Sie hat (wie ihre Schwestern) sehr gute Noten außer in Mathe.
Das könnte sie das deutsche Abitur kosten denn Mathe ist in D Abitur Pflichtfach.In England nicht. Aber sie will zur deutschen Polizei als Ermittler.
Noch etwas in diesem Zusammenhang:
Das britische staatliche Gesundheitswesen NHS wird in D immer kritisiert.
Die Mädchen haben nur gute Erfahrungen in England gemacht.
Sie bekamen kostenlos alle möglichen Vorsorgeuntersuchungen und Dental Behandlungen und z.B. Zahnspangen.
Natürlich mußten sie sich anmelden. Aber dann lief Alles reibungslos.Genausogut wie in TH in PKH’s.

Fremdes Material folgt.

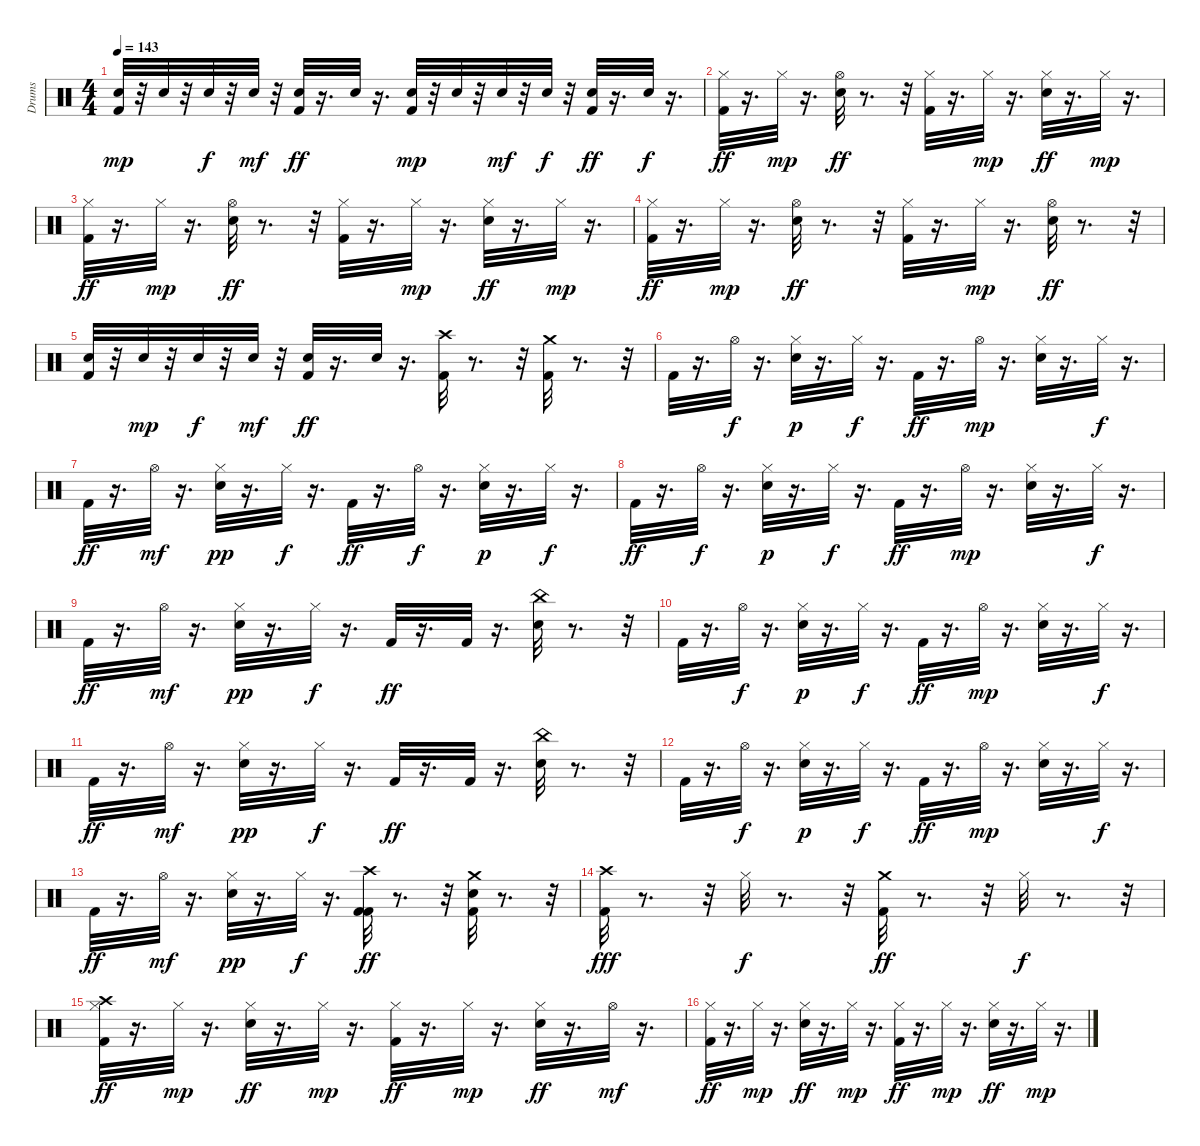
\track ("Drums" "Drums") {instrument percussion}
\staff {score}
\articulation defaults
\ts (4 4)
\tempo 143
\clef neutral
\ks c
("Kick (hit) 2" "Snare (hit) 2").32{dy mp} r.32 "Snare (hit) 2".32 r.32 "Snare (hit) 2".32{dy f} r.32 "Snare (hit) 2".32{dy mf} r.32 ("Kick (hit) 2" "Snare (hit) 2").32{dy ff} r.16{d} "Snare (hit) 2".32 r.16{d} ("Kick (hit) 2" "Snare (hit) 2").32{dy mp} r.32 "Snare (hit) 2".32 r.32 "Snare (hit) 2".32{dy mf} r.32 "Snare (hit) 2".32{dy f} r.32 ("Kick (hit) 2" "Snare (hit) 2").32{dy ff} r.16{d} "Snare (hit) 2".32{dy f} r.16{d} |
("Kick (hit) 2" "Hi-Hat (closed)").32{dy ff} r.16{d} "Hi-Hat (closed)".32{dy mp} r.16{d} ("Snare (hit) 2" "Hi-Hat (open)").32{dy ff} r.8{d} r.32 ("Kick (hit) 2" "Hi-Hat (closed)").32 r.16{d} "Hi-Hat (closed)".32{dy mp} r.16{d} ("Snare (hit) 2" "Hi-Hat (closed)").32{dy ff} r.16{d} "Hi-Hat (closed)".32{dy mp} r.16{d} |
("Kick (hit) 2" "Hi-Hat (closed)").32{dy ff} r.16{d} "Hi-Hat (closed)".32{dy mp} r.16{d} ("Snare (hit) 2" "Hi-Hat (open)").32{dy ff} r.8{d} r.32 ("Kick (hit) 2" "Hi-Hat (closed)").32 r.16{d} "Hi-Hat (closed)".32{dy mp} r.16{d} ("Snare (hit) 2" "Hi-Hat (closed)").32{dy ff} r.16{d} "Hi-Hat (closed)".32{dy mp} r.16{d} |
("Kick (hit) 2" "Hi-Hat (closed)").32{dy ff} r.16{d} "Hi-Hat (closed)".32{dy mp} r.16{d} ("Snare (hit) 2" "Hi-Hat (open)").32{dy ff} r.8{d} r.32 ("Kick (hit) 2" "Hi-Hat (closed)").32 r.16{d} "Hi-Hat (closed)".32{dy mp} r.16{d} ("Snare (hit) 2" "Hi-Hat (open)").32{dy ff} r.8{d} r.32 |
("Snare (hit) 2" "Kick (hit) 2").32 r.32 "Snare (hit) 2".32{dy mp} r.32 "Snare (hit) 2".32{dy f} r.32 "Snare (hit) 2".32{dy mf} r.32 ("Kick (hit) 2" "Snare (hit) 2").32{dy ff} r.16{d} "Snare (hit) 2".32 r.16{d} ("Kick (hit) 2" "Crash high (hit)").32 r.8{d} r.32 ("Kick (hit) 2" "Crash medium (hit)").32 r.8{d} r.32 |
"Kick (hit) 2".32 r.16{d} "Hi-Hat (open)".32{dy f} r.16{d} ("Snare (hit) 2" "Hi-Hat (closed)").32{dy p} r.16{d} "Hi-Hat (closed)".32{dy f} r.16{d} "Kick (hit) 2".32{dy ff} r.16{d} "Hi-Hat (open)".32{dy mp} r.16{d} ("Snare (hit) 2" "Hi-Hat (closed)").32 r.16{d} "Hi-Hat (closed)".32{dy f} r.16{d} |
"Kick (hit) 2".32{dy ff} r.16{d} "Hi-Hat (open)".32{dy mf} r.16{d} ("Snare (hit) 2" "Hi-Hat (closed)").32{dy pp} r.16{d} "Hi-Hat (closed)".32{dy f} r.16{d} "Kick (hit) 2".32{dy ff} r.16{d} "Hi-Hat (open)".32{dy f} r.16{d} ("Snare (hit) 2" "Hi-Hat (closed)").32{dy p} r.16{d} "Hi-Hat (closed)".32{dy f} r.16{d} |
"Kick (hit) 2".32{dy ff} r.16{d} "Hi-Hat (open)".32{dy f} r.16{d} ("Snare (hit) 2" "Hi-Hat (closed)").32{dy p} r.16{d} "Hi-Hat (closed)".32{dy f} r.16{d} "Kick (hit) 2".32{dy ff} r.16{d} "Hi-Hat (open)".32{dy mp} r.16{d} ("Snare (hit) 2" "Hi-Hat (closed)").32 r.16{d} "Hi-Hat (closed)".32{dy f} r.16{d} |
"Kick (hit) 2".32{dy ff} r.16{d} "Hi-Hat (open)".32{dy mf} r.16{d} ("Snare (hit) 2" "Hi-Hat (closed)").32{dy pp} r.16{d} "Hi-Hat (closed)".32{dy f} r.16{d} "Kick (hit) 2".32{dy ff} r.16{d} "Kick (hit) 2".32 r.16{d} ("China (hit)" "Snare (hit) 2").32 r.8{d} r.32 |
"Kick (hit) 2".32 r.16{d} "Hi-Hat (open)".32{dy f} r.16{d} ("Snare (hit) 2" "Hi-Hat (closed)").32{dy p} r.16{d} "Hi-Hat (closed)".32{dy f} r.16{d} "Kick (hit) 2".32{dy ff} r.16{d} "Hi-Hat (open)".32{dy mp} r.16{d} ("Snare (hit) 2" "Hi-Hat (closed)").32 r.16{d} "Hi-Hat (closed)".32{dy f} r.16{d} |
"Kick (hit) 2".32{dy ff} r.16{d} "Hi-Hat (open)".32{dy mf} r.16{d} ("Snare (hit) 2" "Hi-Hat (closed)").32{dy pp} r.16{d} "Hi-Hat (closed)".32{dy f} r.16{d} "Kick (hit) 2".32{dy ff} r.16{d} "Kick (hit) 2".32 r.16{d} ("China (hit)" "Snare (hit) 2").32 r.8{d} r.32 |
"Kick (hit) 2".32 r.16{d} "Hi-Hat (open)".32{dy f} r.16{d} ("Snare (hit) 2" "Hi-Hat (closed)").32{dy p} r.16{d} "Hi-Hat (closed)".32{dy f} r.16{d} "Kick (hit) 2".32{dy ff} r.16{d} "Hi-Hat (open)".32{dy mp} r.16{d} ("Snare (hit) 2" "Hi-Hat (closed)").32 r.16{d} "Hi-Hat (closed)".32{dy f} r.16{d} |
"Kick (hit) 2".32{dy ff} r.16{d} "Hi-Hat (open)".32{dy mf} r.16{d} ("Snare (hit) 2" "Hi-Hat (closed)").32{dy pp} r.16{d} "Hi-Hat (closed)".32{dy f} r.16{d} ("Kick (hit) 2" "Kick (hit) 2" "Crash high (hit)").32{dy ff} r.8{d} r.32 ("Kick (hit) 2" "Crash medium (hit)" "Snare (hit) 2").32 r.8{d} r.32 |
("Kick (hit) 2" "Crash high (hit)").32{dy fff} r.8{d} r.32 "Hi-Hat (closed)".32{dy f} r.8{d} r.32 ("Kick (hit) 2" "Crash medium (hit)").32{dy ff} r.8{d} r.32 "Hi-Hat (closed)".32{dy f} r.8{d} r.32 |
("Kick (hit) 2" "Crash high (hit)" "Hi-Hat (closed)").32{dy ff} r.16{d} "Hi-Hat (closed)".32{dy mp} r.16{d} ("Snare (hit) 2" "Hi-Hat (closed)").32{dy ff} r.16{d} "Hi-Hat (closed)".32{dy mp} r.16{d} ("Kick (hit) 2" "Hi-Hat (closed)").32{dy ff} r.16{d} "Hi-Hat (closed)".32{dy mp} r.16{d} ("Snare (hit) 2" "Hi-Hat (closed)").32{dy ff} r.16{d} "Hi-Hat (open)".32{dy mf} r.16{d} |
("Kick (hit) 2" "Hi-Hat (closed)").32{dy ff} r.16{d} "Hi-Hat (closed)".32{dy mp} r.16{d} ("Snare (hit) 2" "Hi-Hat (closed)").32{dy ff} r.16{d} "Hi-Hat (closed)".32{dy mp} r.16{d} ("Kick (hit) 2" "Hi-Hat (closed)").32{dy ff} r.16{d} "Hi-Hat (closed)".32{dy mp} r.16{d} ("Snare (hit) 2" "Hi-Hat (closed)").32{dy ff} r.16{d} "Hi-Hat (closed)".32{dy mp} r.16{d}

Eine Bildungsreform würde in TH garnicht greifen weil das gesamte Schulsystem umgestellt werden muß und keiner dazu willens ist.

Abhisit war der Einzge der wirkliche Reformen durchsetzen wollte, aber er ist gescheitert.
Bildung und der Zugang dazu ist in TH Prestigesache,
auch in D wollten viele Eltern “ ihr Gymnasium“ für ihre Kinder und keine Gesamtschule.

berndgrimm
berndgrimm
7 Monate vor
Antwort auf  stin

Wer hat die größten Spinnereien ? STIN/KI !
Wer setzt darauf daß all seine Leser noch blöder sind als er ?
STIN/KI !
Wer lügt bis sich die Balken biegen? STIN/KI !
Meine leibliche Tochter ging von 1984 bis 1997 zur Schule in D und schon damals gab es die Bildungsmisere.
Im Sinne seiner Propaganda haut STIN Alles auf die Flüchtlinge. Da ist er ganz wie seine gestiefelten Rechten Freunde.Er kann also auch hirnlos.